Stored data:
....
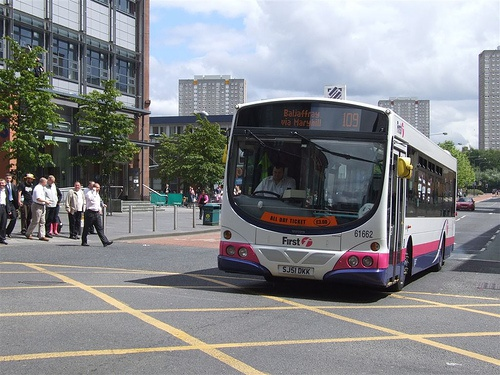Describe the objects in this image and their specific colors. I can see bus in lavender, black, gray, and lightgray tones, people in lavender, black, white, gray, and darkgray tones, people in lavender, gray, white, darkgray, and black tones, people in lavender, black, white, gray, and darkgray tones, and people in lavender, black, gray, and darkblue tones in this image. 
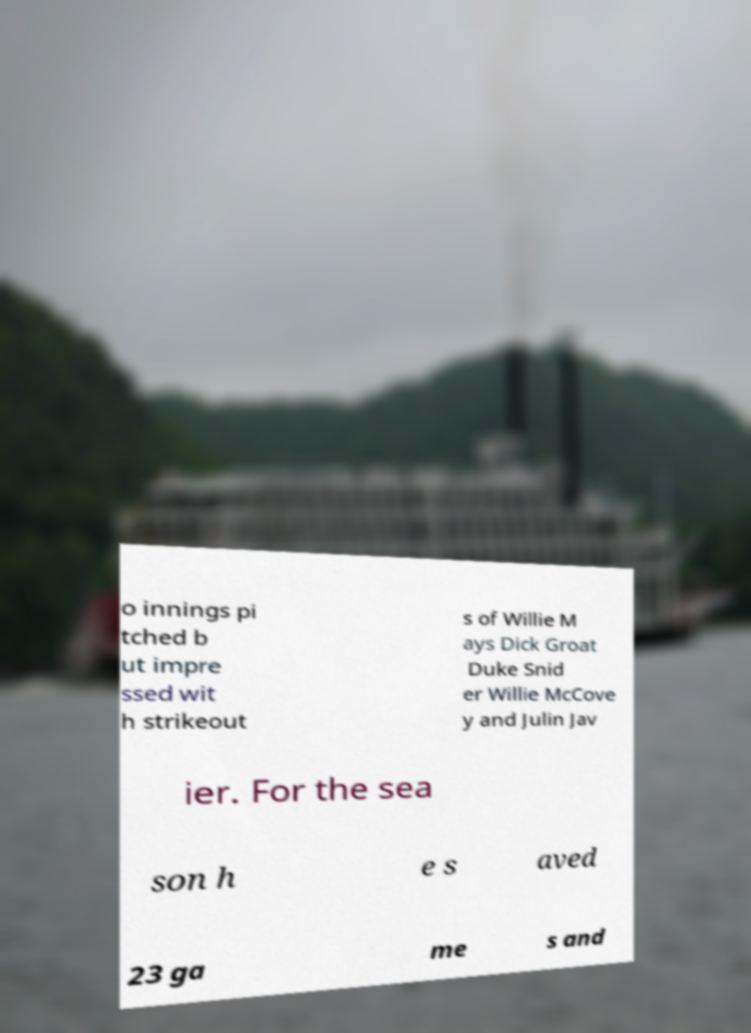Can you accurately transcribe the text from the provided image for me? o innings pi tched b ut impre ssed wit h strikeout s of Willie M ays Dick Groat Duke Snid er Willie McCove y and Julin Jav ier. For the sea son h e s aved 23 ga me s and 
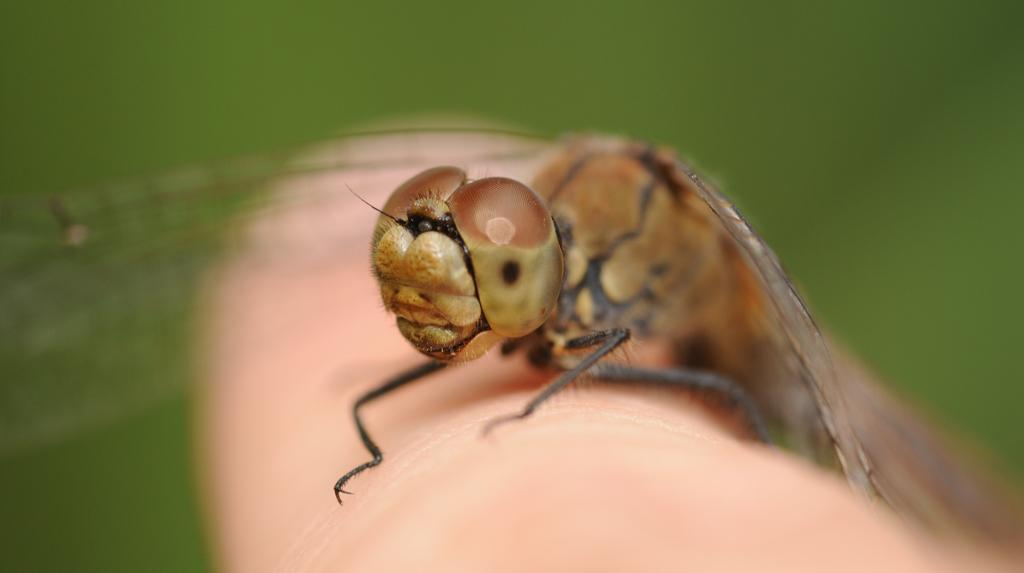What is present on the finger in the image? There is an insect on a finger in the image. Can you describe the insect in the image? Unfortunately, the provided facts do not include a description of the insect. What can be observed about the background of the image? The background of the image is blurred. What type of jam is being spread on the fish in the image? There is no fish or jam present in the image; it features an insect on a finger with a blurred background. 
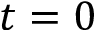<formula> <loc_0><loc_0><loc_500><loc_500>t = 0</formula> 
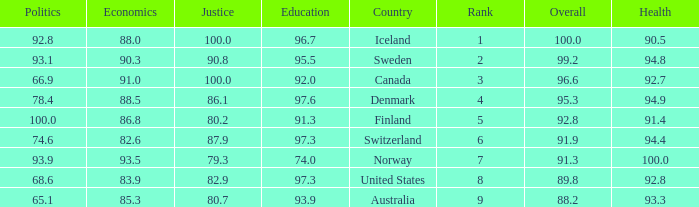What's the health score with justice being 80.7 93.3. 
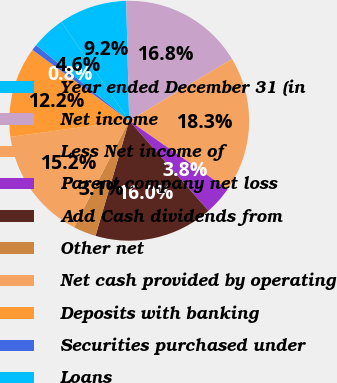Convert chart to OTSL. <chart><loc_0><loc_0><loc_500><loc_500><pie_chart><fcel>Year ended December 31 (in<fcel>Net income<fcel>Less Net income of<fcel>Parent company net loss<fcel>Add Cash dividends from<fcel>Other net<fcel>Net cash provided by operating<fcel>Deposits with banking<fcel>Securities purchased under<fcel>Loans<nl><fcel>9.16%<fcel>16.78%<fcel>18.3%<fcel>3.83%<fcel>16.02%<fcel>3.07%<fcel>15.25%<fcel>12.21%<fcel>0.79%<fcel>4.59%<nl></chart> 
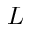Convert formula to latex. <formula><loc_0><loc_0><loc_500><loc_500>L</formula> 
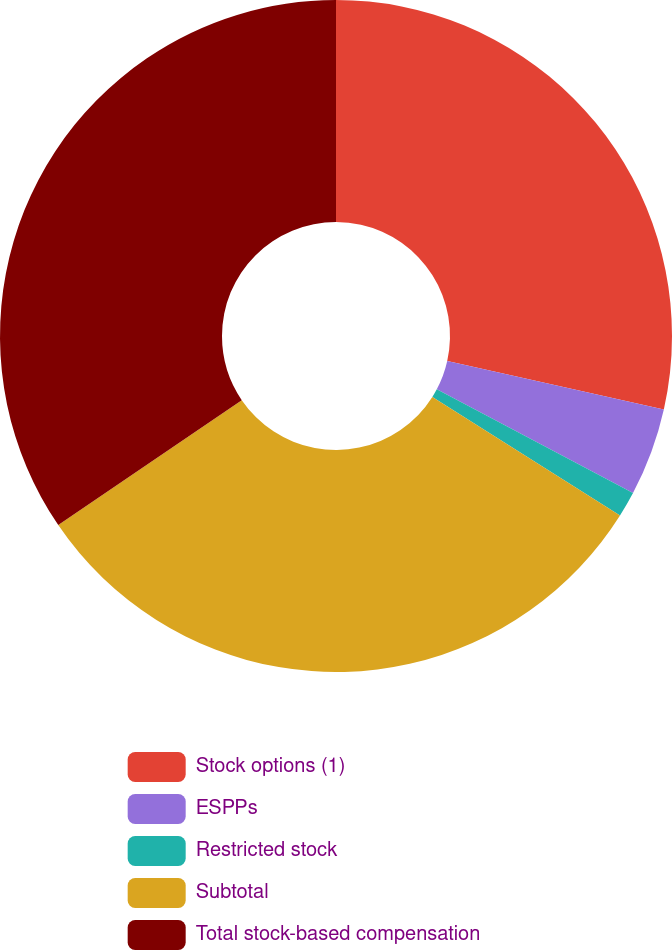<chart> <loc_0><loc_0><loc_500><loc_500><pie_chart><fcel>Stock options (1)<fcel>ESPPs<fcel>Restricted stock<fcel>Subtotal<fcel>Total stock-based compensation<nl><fcel>28.52%<fcel>4.23%<fcel>1.23%<fcel>31.52%<fcel>34.52%<nl></chart>
....
Instructions to follow >> Precisely the lines from the one containing "Convert chart to" to the end of the data above, both included, should be printed; leave the pictures out.

Written answer >>
Convert chart to OTSL. <chart><loc_0><loc_0><loc_500><loc_500><pie_chart><fcel>Year ended December 31 (in<fcel>Net income<fcel>Less Net income of<fcel>Parent company net loss<fcel>Add Cash dividends from<fcel>Other net<fcel>Net cash provided by operating<fcel>Deposits with banking<fcel>Securities purchased under<fcel>Loans<nl><fcel>9.16%<fcel>16.78%<fcel>18.3%<fcel>3.83%<fcel>16.02%<fcel>3.07%<fcel>15.25%<fcel>12.21%<fcel>0.79%<fcel>4.59%<nl></chart> 
Convert formula to latex. <formula><loc_0><loc_0><loc_500><loc_500>L</formula> 
<chart> <loc_0><loc_0><loc_500><loc_500><pie_chart><fcel>Stock options (1)<fcel>ESPPs<fcel>Restricted stock<fcel>Subtotal<fcel>Total stock-based compensation<nl><fcel>28.52%<fcel>4.23%<fcel>1.23%<fcel>31.52%<fcel>34.52%<nl></chart>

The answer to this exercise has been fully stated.